# Checked out my latest light setup, Gigging last night



## banjovie (Nov 1, 2008)

Went gigging last night with FISHERMON, The flounder are still not in. We saw 1 bed, but was not a huge fish.We mainly went to try out the latest light setups. I revised my design. I moved the fuse holder under the end cap, I put some caps at the light end to prevent breaking the glass. Rewired with #12 wire with envirnmental splices, put copper battery clips. I also added male-female conectors for the switch in case you break the switch, you can simply plug the 2 connectors and bypass the switch. I am still using 2 50watt starfire lights i have tried them with 100watt bulbs not much brighter in shallow water. What do you all think of the set up? I painted them for kicks, however i predict the finish wont last forever but it looks cool. These light are far superior to the Walmart or bass proshops lights. Has 100watts of flounder frying power (cant compete with boats riged with a genie and tons of lights, but awsome for wading)


----------



## Shiznik (Feb 24, 2008)

Pretty crafty in my opinion! When I used underwater lights, it always seemed to be an issue if they were to bump a log or concrete and that looks like a really good way to protect them. When's the sea trial? The mals should still be in the bays, just that water is sooo cold, it makes me want to eat chicken! lol! Hope you have a great report when you hit the water with them!

Chris


----------



## shanester (May 20, 2008)

the only thing i see i would have done different is to put a little bit of a bend right before the light. to kick the light out in front of me a little more. looks good


----------



## Fishermon (Oct 19, 2007)

another awesome night walk.... 

wading, walking the water is a whole different monster.....pretty cool anddef. you have a true feel for prime flounder territory.... on long walks you can feel sand chanhing density, even water temperatures and you can anticipate a track or two in the process..very cool indeed. Thanks Jim, lights worked great.


----------



## Death From Above (Sep 28, 2007)

Somebody needs to invent a light/gig combo....where the gig/light/pole are all in one.


----------



## banjovie (Nov 1, 2008)

Thanks for the input on the lights. Cant wait to do my boat when i get back from the desert. I hope to see you guys out there this year.


----------



## X-Shark (Oct 3, 2007)

Have you had any problem with yanking the clips off the battery?

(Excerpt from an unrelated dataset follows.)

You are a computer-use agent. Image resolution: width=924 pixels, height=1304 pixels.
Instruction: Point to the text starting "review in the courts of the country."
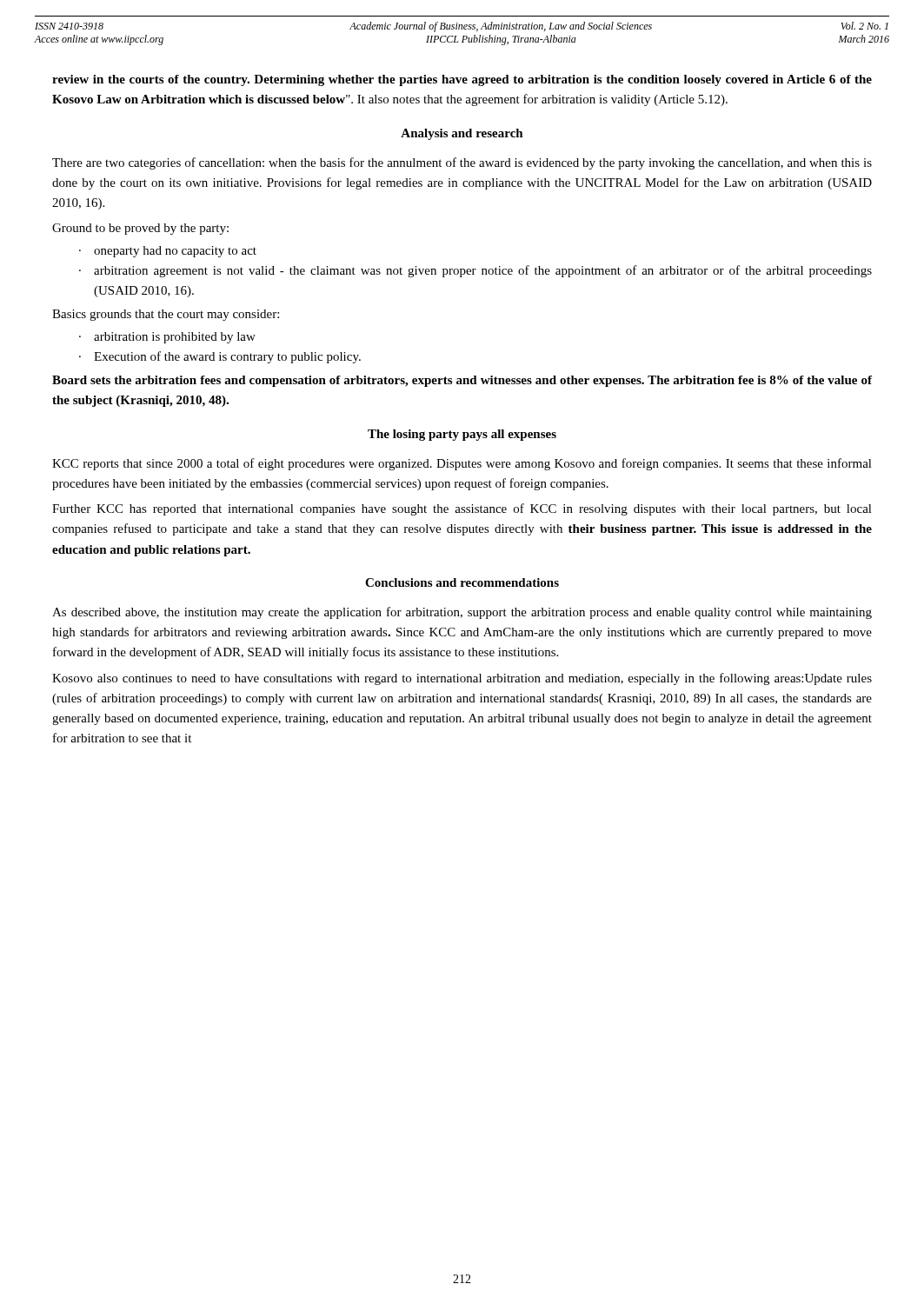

I usually get rid of Clips like that and go with Ring terminals and wing nuts on the battery stud.



The rest of it looks pretty good. I used 2 of those lights when I started.


----------



## deadeyedave (Nov 4, 2008)

> *banjovie (2/21/2010)*Thanks for the input on the lights. Cant wait to do my boat when i get back from the desert. I hope to see you guys out there this year.


What kind of boat did you go with banjovie? I know you will see me out there!!!

Deadeye


----------



## banjovie (Nov 1, 2008)

I havent had a problem with the clips coming off the battery unless uoy trip on the wire, i have put small caribeners on the wire so you cant pull the terminals off easy. I havent got a boat as of yet i am looking at aluminum and skiffs looking for a deal.


----------



## Snatch it (Feb 17, 2009)

Nice Setup you got there!!


----------